Na época, a Prefeitura Municipal de Sorocaba estava empenhada nas negociações com a velha chácara “Quinzinho de Barros”, de propriedade da família Prestes de Barros.

Em 30/11/1966 realizou-se a transferência da chácara para a Prefeitura Municipal de Sorocaba, através de escritura de desapropriação amigável da seguinte forma:

Os animais existentes no “Jardim da Margem” foram transferidos para chácara, dando origem ao Parque Zoológico Municipal Quinzinho de Barros, inaugurado em 20/10/1968.

Hoje, o Parque Zoológico Municipal Quinzinho de Barros é um jardim zoológico situado na Vila Hortência, dentro da região sul da cidade de Sorocaba, estado de São Paulo, sendo considerado o segundo zoológico do Brasil em número de espécies.

Com uma área de cerca de 130.000 m² (128.741,41 m²), tem em seu interior uma faixa de Mata Atlântica de transição em estágio secundário, um lago, o Museu Histórico Sorocabano e abrigava em 1992, segundo levantamento feito pela Sociedade de Zoológicos do Brasil, um total de 1487 espécimes de 353 espécies entre mamíferos, aves e répteis, sendo 70% pertencentes à fauna brasileira, tendo dentre elas 36 espécies ameaçadas de extinção.

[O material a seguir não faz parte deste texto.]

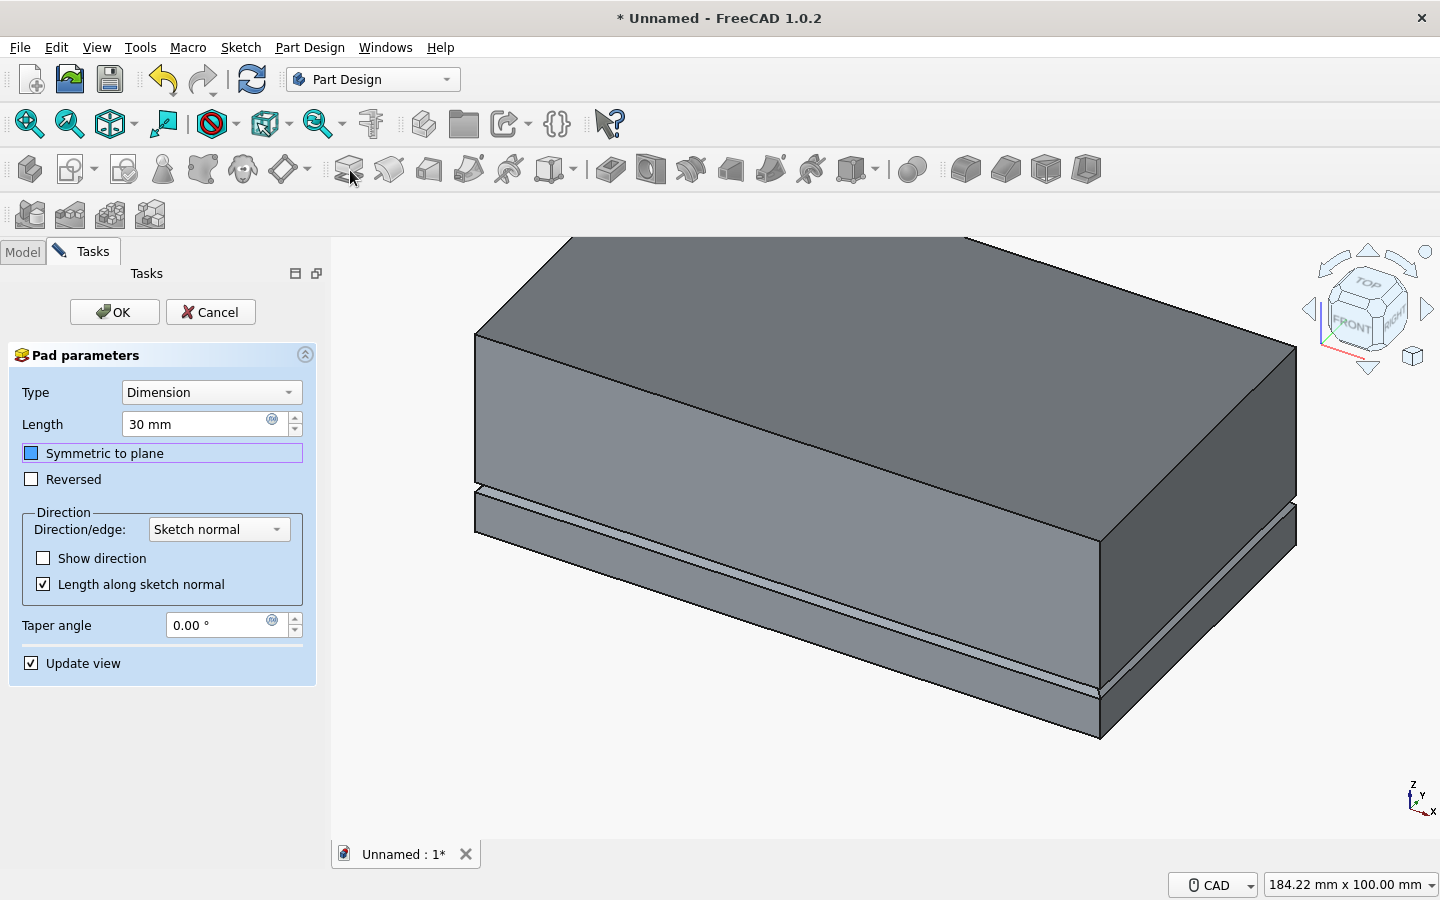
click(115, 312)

“Raisa” e “Sandro”, repectivamente uma fêmea e um macho de elefante-asiático, parece que ambos nasceram em 1971 – a fêmea foi para o Zoo do Beto Carrero em 1995... (confirmar)

Com a classificação “A”, a mais alta outorgada pelo IBAMA, o zoológico é referência na América Latina no que se refere a lazer, pesquisa, preservação e educação ambiental e recebeu em 2007 mais de um milhão de visitantes, dentre eles estudantes de 81 cidades do estado de São Paulo.

O trabalho ali desenvolvido recebe apoio e reconhecimento de várias entidades nacionais e internacionais, tais como Smithsonian Institution, World Wide Fund for Nature, U.S. Fish and Wildlife Service, Fundação O Boticário de Proteção à Natureza, Fundação Pró-Natureza, entre outras.

Esta foto do Parque foi tirada em 1968.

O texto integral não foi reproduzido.